The Singer-turned-author, who goes by the moniker Japanese Breakfast, paints a vivid portrait of identity, loss, and a mother's love in her new memoir.
Michelle Zeuner
Credit: Jackie Lee Young

Michelle Zauner, who has been curating a career in the indie-rock scene for years, has also long been contemplating a book. A 2016 essay about learning how to make kimchi, published in Glamour magazine, first helped set the intention, but it wasn't until a 2018 New Yorker essay— about reckoning with her Korean identity and the loss of her mother—went viral that authoring a memoir became a real possibility. "I had this desire to air all grievances, and this urgency to have people comprehend my pain," says Zauner, 32, over Zoom from her Brooklyn apartment.

The essay shares a title with her full-length literary debut, which hits shelves in late April. In Crying in H Mart, Zauner shares an unflinchingly frank account of her life, centered on love, identity, food, and grief. Through prose that's vivacious and lyrical, Zauner — who uses the alias Japanese Breakfast in her music career — paints a deeply moving portrait of the complexities of growing up Korean American and losing her mother to terminal cancer in 2014.
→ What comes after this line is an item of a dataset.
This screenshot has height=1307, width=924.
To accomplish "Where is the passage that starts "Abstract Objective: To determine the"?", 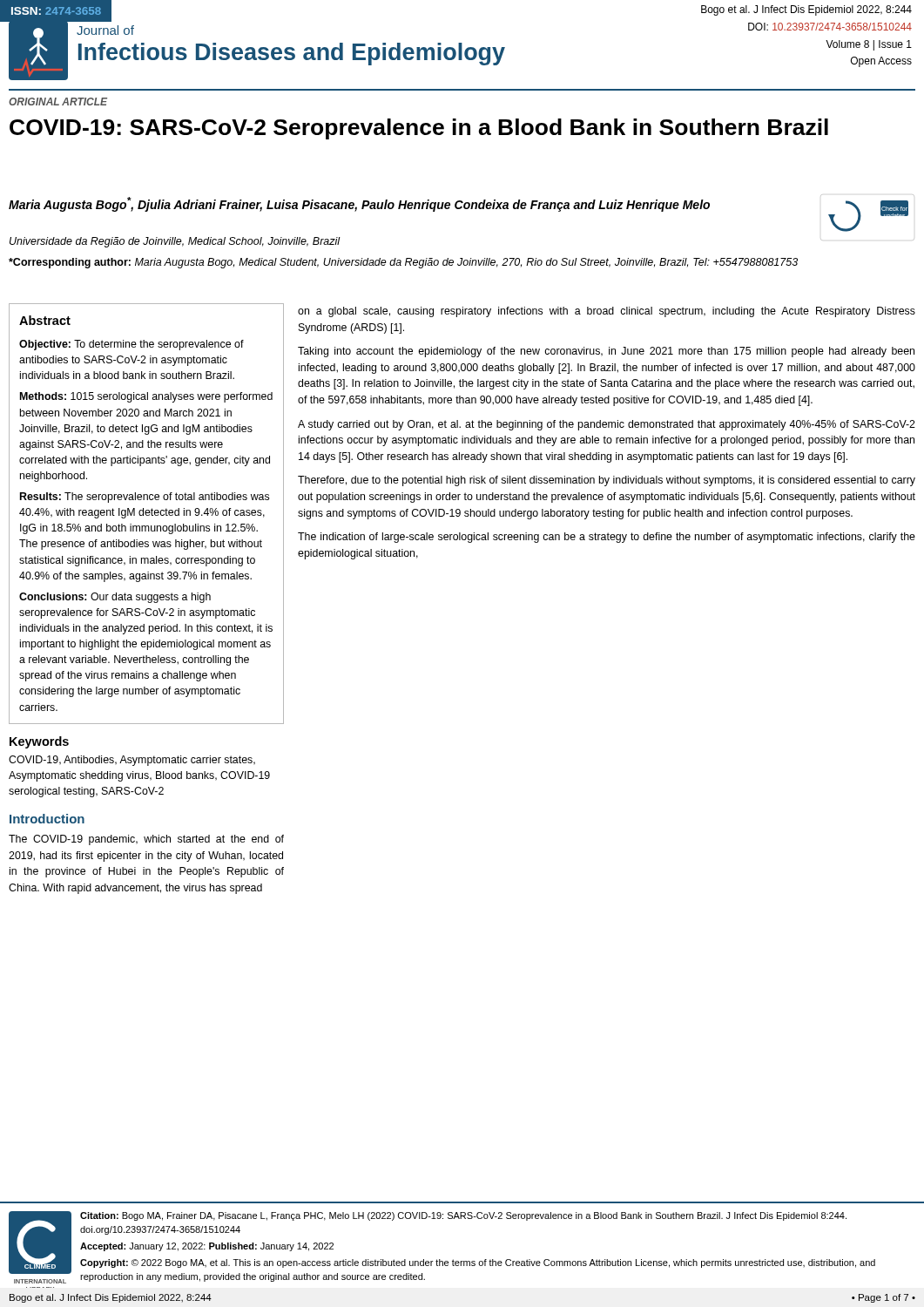I will [x=146, y=514].

While tragedy threatened to overshadow much of Zauner's relationship with her mom, it became "exciting" for her to write about their bond pre–cancer diagnosis. And it's why the most poignant stories in H Mart include her lively, sensuous descriptions of Korean food — like jjigae, gimbap, and tteokbokki — and the everlasting ties it creates to her loved ones. "A lot of the traumatic experiences of caretaking for someone whose health is deteriorating sort of fogged over what was good about our relationship, and a whole huge part of my life," she says.

Crying in H Mart
The cover of 'Crying in H Mart'
| Credit: Knopf

The process of creating the book began after completing her first Japanese Breakfast Asian tour, when, on a six-week break in Korea, she began outlining and writing chapters. Sharing autobiographical details wasn't a stretch for Zauner, who has penned songs full of her own personal moments. But a memoir was uncharted territory for the multi-hyphenate. "There's so much more ambiguity in writing songs than you're allowed to have in, particularly, nonfiction," says Zauner. "So it was definitely a big departure for me in terms of writing style." Still, she found familiarity in the process of book writing when it came to sequencing: "Something that was really fun for me was coming up with chapter titles, because it feels like the track listing on a record."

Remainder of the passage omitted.